"It was a flitting thought at the back of [Everard's] mind, repeating what he well knew, gone again as his attention focused ahead." (p. 552)
When the thought has gone, Everard does not know that it has been and gone. Therefore, this sentence does not express Everard's pov but presents information delivered directly to the reader by the omniscient narrator.
The thought in question is that:
the barbarians are too disorganized to overcome Rome;
instead, the Empire crumbles from within;
the barbarians in any case take over the Empire spiritually by converting it to Christianity;
therefore, Western civilization, like the previous Classical civilization, is born on the Mediterranean, not along the Rhine or by the North Sea.
We need only add that, in Poul Anderson's other main fictional timeline, Western is followed by Technic civilization which in turn is eventually followed by civilizations spread through several spiral arms of the galaxy.
All praise to Poul Anderson.
6 comments:
In a way the Empire was made vulnerable by its accomplishment in establishing peace for a long time over a huge area.
The barbarian armies that wandered around the Roman territories in the 5th and 6th centuries were relatively very small. They could operate that way because the Roman interior had been thoroughly demilitarized for centuries.
Also, of course, the barbarians became more formidable over time because they learned from the Romans, both in politics and military technique.
By the fall of the Western Empire, the individual tribes had become confederations -- the East Goths, the All-Men (Allemani), the Franks.

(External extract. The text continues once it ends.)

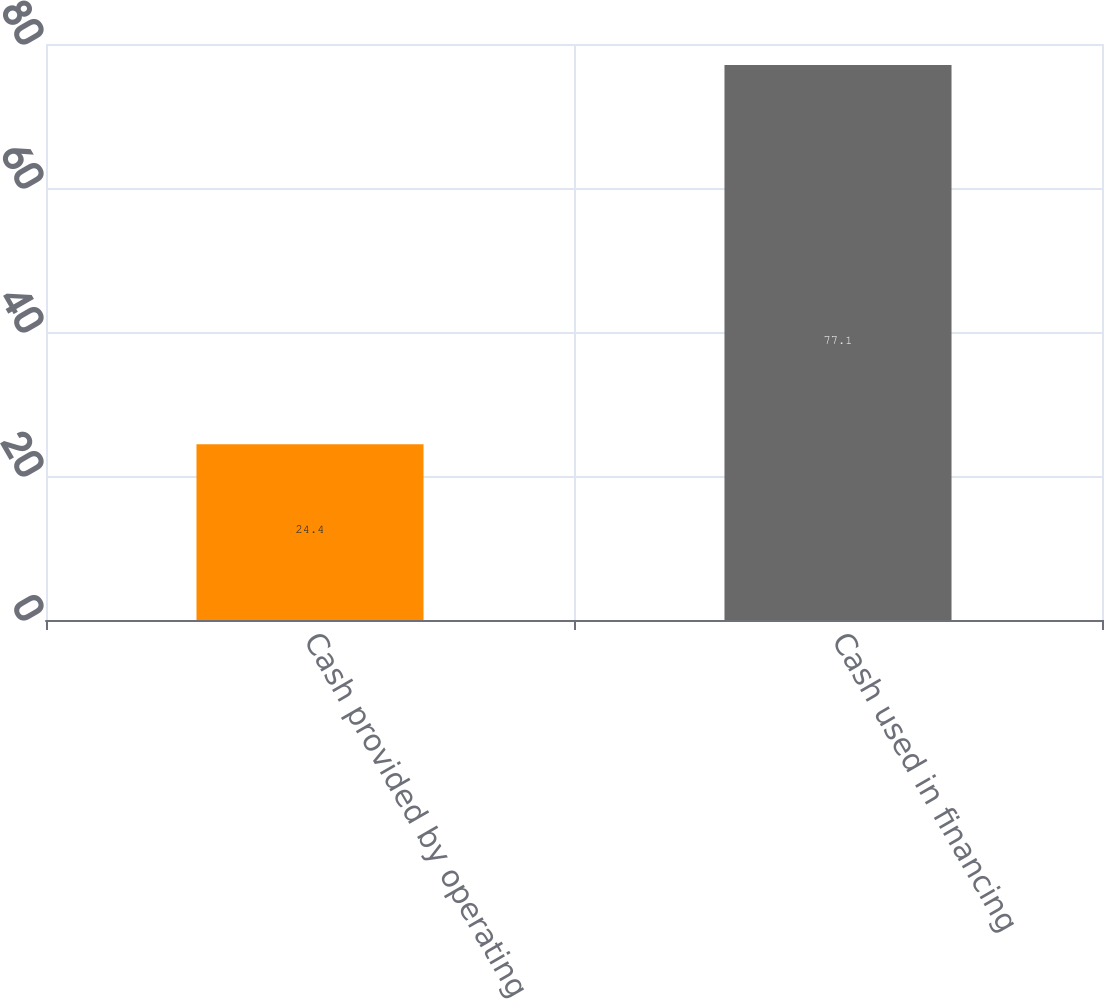<chart> <loc_0><loc_0><loc_500><loc_500><bar_chart><fcel>Cash provided by operating<fcel>Cash used in financing<nl><fcel>24.4<fcel>77.1<nl></chart> 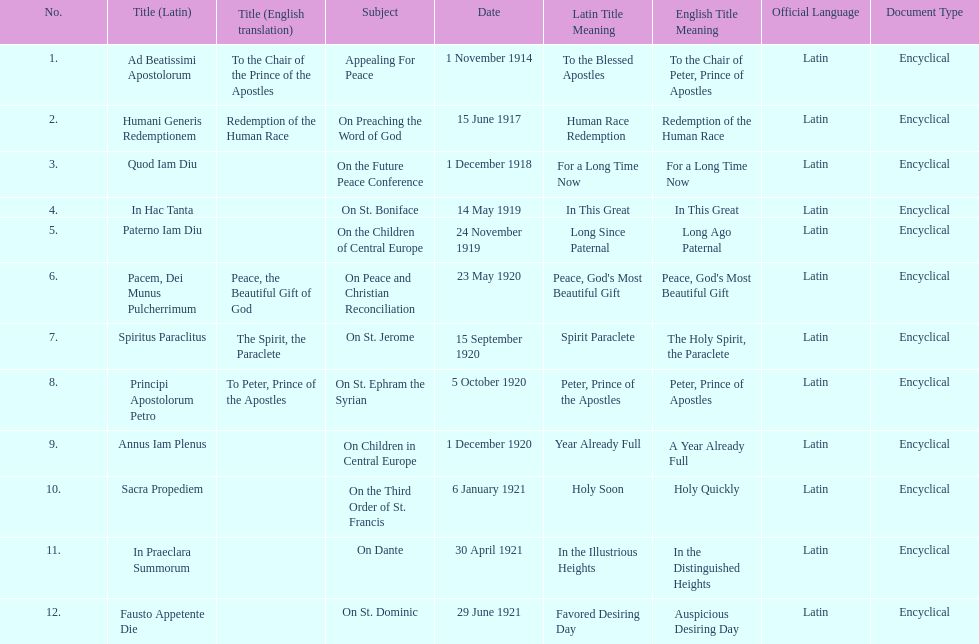What is the next title listed after sacra propediem? In Praeclara Summorum.

One of the reasons Roman civilization vanished so thoroughly in England compared to the Continent is that its invaders were more primitive than, say, the Goths. They were untouched by Christianity and hadn't had any sustained contact with Rome, and instead of being State-level kingdoms, they came as countless tribal war-bands and raider groups, with no centralized leadership.
The Visigoths wanted to take over a functioning Roman society, though they failed. The Saxons just smashed everything they saw.
I think you meant "the Empire takes over the barbarians spiritually by converting them to Christianity", rather than vice-versa.
Though this analysis underestimates the barbarian-Germanic contribution to the eventual Western civilization, I think.
For example, thought the "shadow of Rome" remains intellectually potent, the actual political organization of medieval Europe, especially the way monarchy was conceptualized, owes a great deal to Germanic antecedents. The strong sense of dynastic legitimacy doesn't derive from Rome, for instance.
Also, there wasn't much social continuity between the late Roman and medieval worlds -- much less than historians used to think. The fall of the Empire was a social/economic phase change, particularly away from the immediate Mediterranean shores. The institutions of medieval Europe, particularly feudalism and the manorial system, didn't really get going until the 700-900 period.
Mr Stirling,
In fact I meant what I wrote but I was paraphrasing Anderson and I now see, on checking back, that I had misread him. In "...it'll have taken them over..." (p. 552), I got the pronouns the wrong way round.
Paul.
Kaor, Mr. Stirling!
I agree that some of the Germanic tribes had achieved state level kingdoms by about AD 400. With institutionalized dynastic loyalty an important strengthening factor. But this should not be exaggerated--the disastrous custom of all the sons of a king having an equal claim to being king could and did lead to frequent fratricidal strife. A problem graphically described by St. Gregory of Tours in his HISTORY OF THE FRANKS, showing the descendants of Clovis, the first Merovingian king of Gaul, often at odds with one another.
Ad astra! Sean
Sean: true. Though the Franks had a very bad reputation for that! Also, the custom of partible inheritance that led to the splitting of Charlemagne's kingdom between different heirs.
The Church was important in the development of an indivisible inheritance going only to the eldest son.
Kaor, Mr. Stirling!
And despite the bad custom of partible inheritance, the Frankish kingdom was still the most successful of the barbarian kingdoms which took over in the fallen Western Empire. At least partly because, instead of becoming Arians, the Franks converted to Catholic Christianity, he faith of most their subjects. Yes, I agree the Church played a major role in encouraging the idea of an indivisible inheritance going to the king's eldest son.